Windows-1252
874 | Thai |
932 | Japanese |
936 | Simplified Chinese |
949 | Korean |
950 | Traditional Chinese |
1250 | Central European |
1251 | Cyrillic |
1252 | Western European |
1253 | Greek |
1254 | Turkish |
1255 | Hebrew |
1256 | Arabic |
1257 | Baltic |
1258 | Vietnamese |
Windows-1252 also CP 1252 as well as Western European or ANSI . is an 8-bit character encoding that was developed for the Microsoft Windows operating system . The character set is based on ISO 8859-1 (Latin-1), but deviates from this in the range 80 16 - 9F 16 , instead of the (very rarely used) C1 control characters , these 32 positions contain 27 displayable characters, among others. a. the characters added in ISO 8859-15 and some necessary for better typography .
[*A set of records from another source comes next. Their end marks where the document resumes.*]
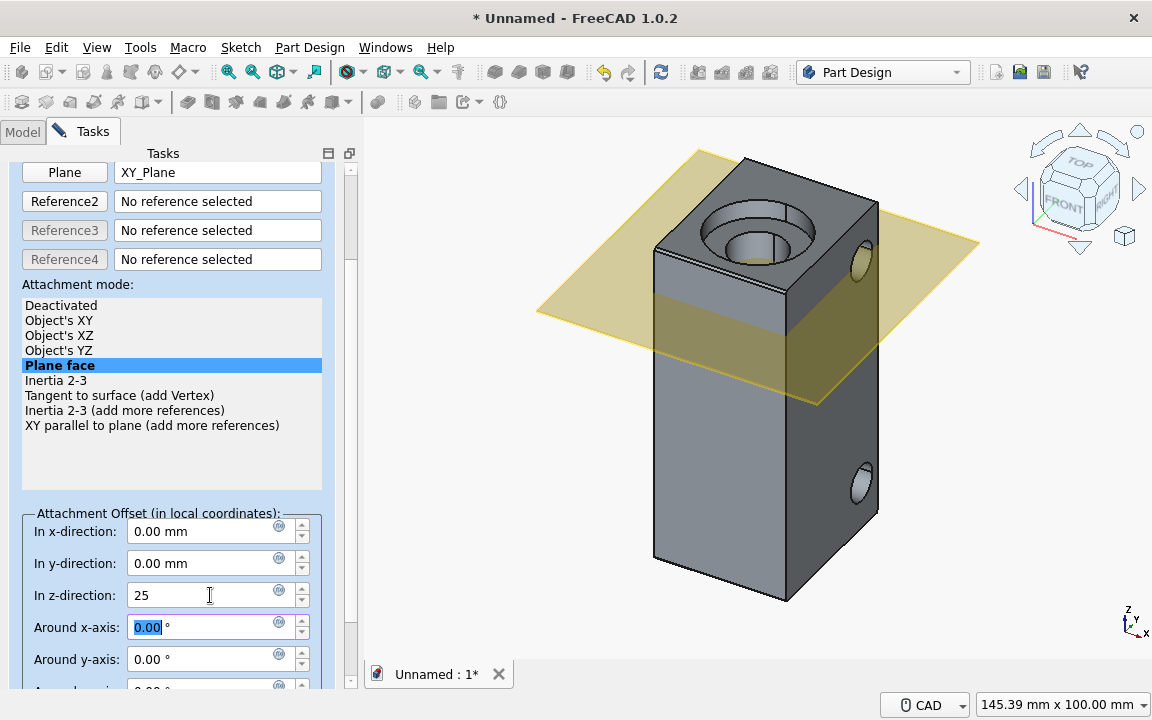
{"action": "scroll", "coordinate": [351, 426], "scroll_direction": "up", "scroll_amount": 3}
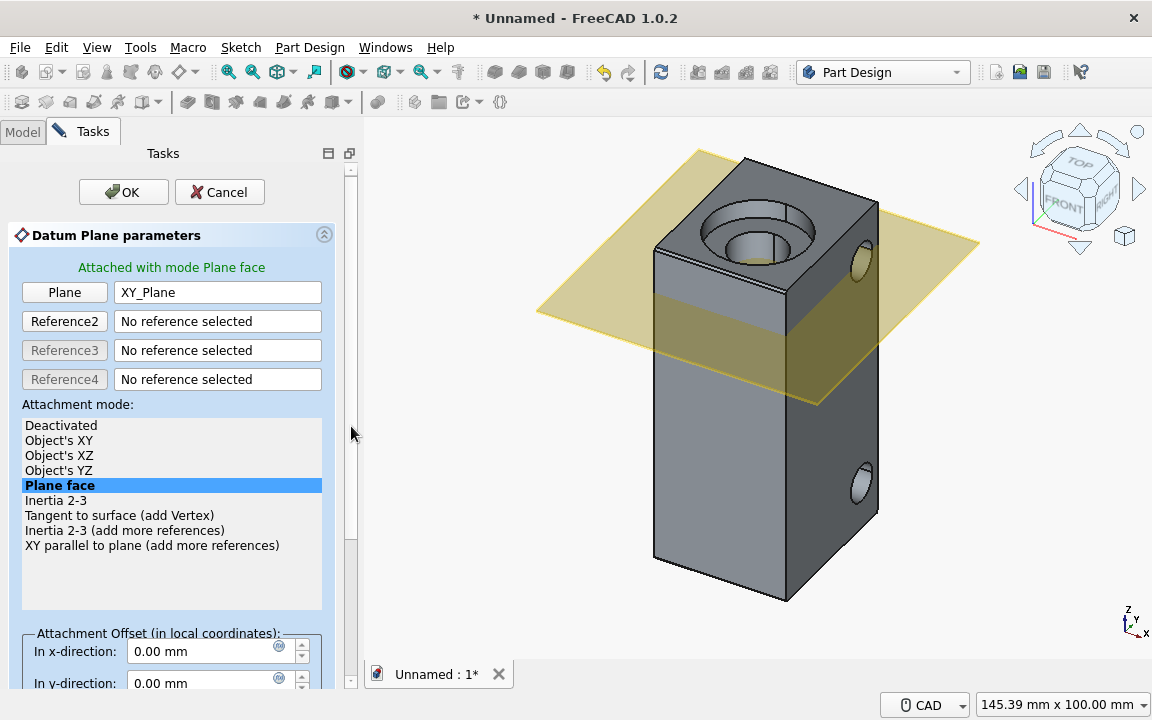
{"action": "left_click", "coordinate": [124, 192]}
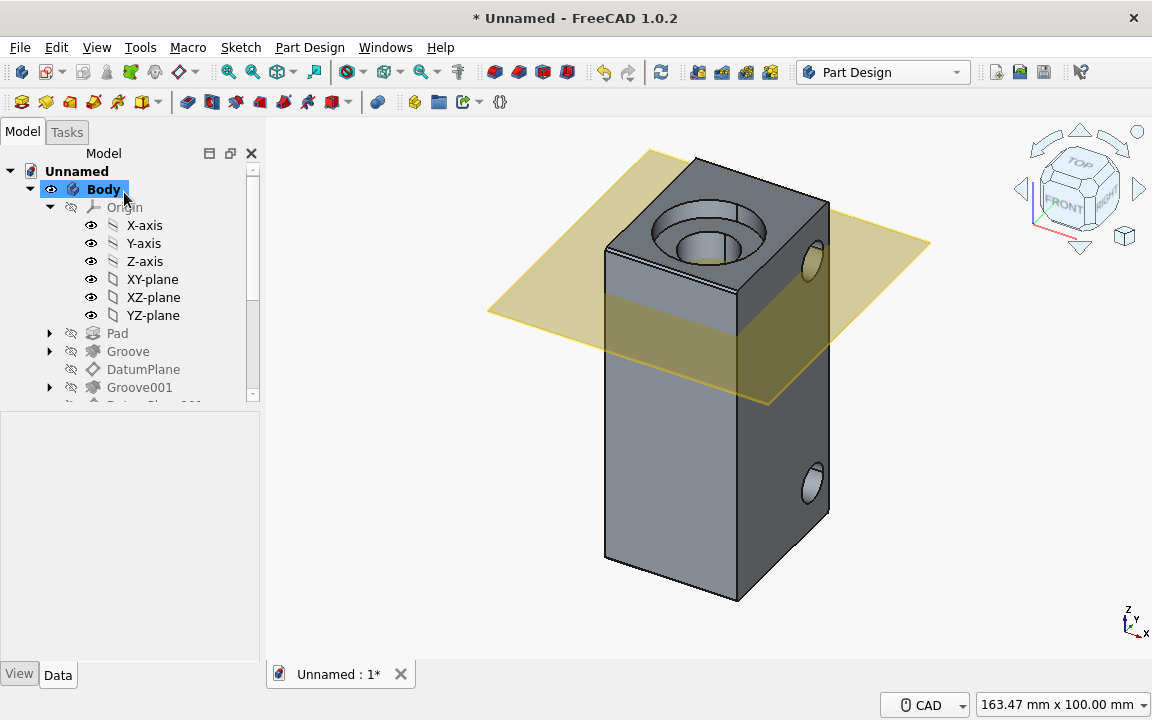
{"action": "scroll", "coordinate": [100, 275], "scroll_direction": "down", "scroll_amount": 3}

Some applications mix the definition of ISO 8859-1 and Windows-1252. Since the additional control characters from ISO 8859-1 have no meaning in HTML either, the HTML5 standard stipulates that texts marked as ISO 8859-1 are to be interpreted as Windows-1252. Nonetheless, Windows-1252 is also registered with the IANA. In January 2019, 3.5% of all websites use the character encoding implicitly as ISO 8859-1, with 0.6% of the websites Windows-1252 is used explicitly, with a falling trend. Latin-1 is the second most common coding of websites after UTF-8 (93.0%), Windows-1252 is the fourth most common after Windows-1251 . The differences between all of these encodings and a general lack of consistency in supporting different character sets are common interoperability problems.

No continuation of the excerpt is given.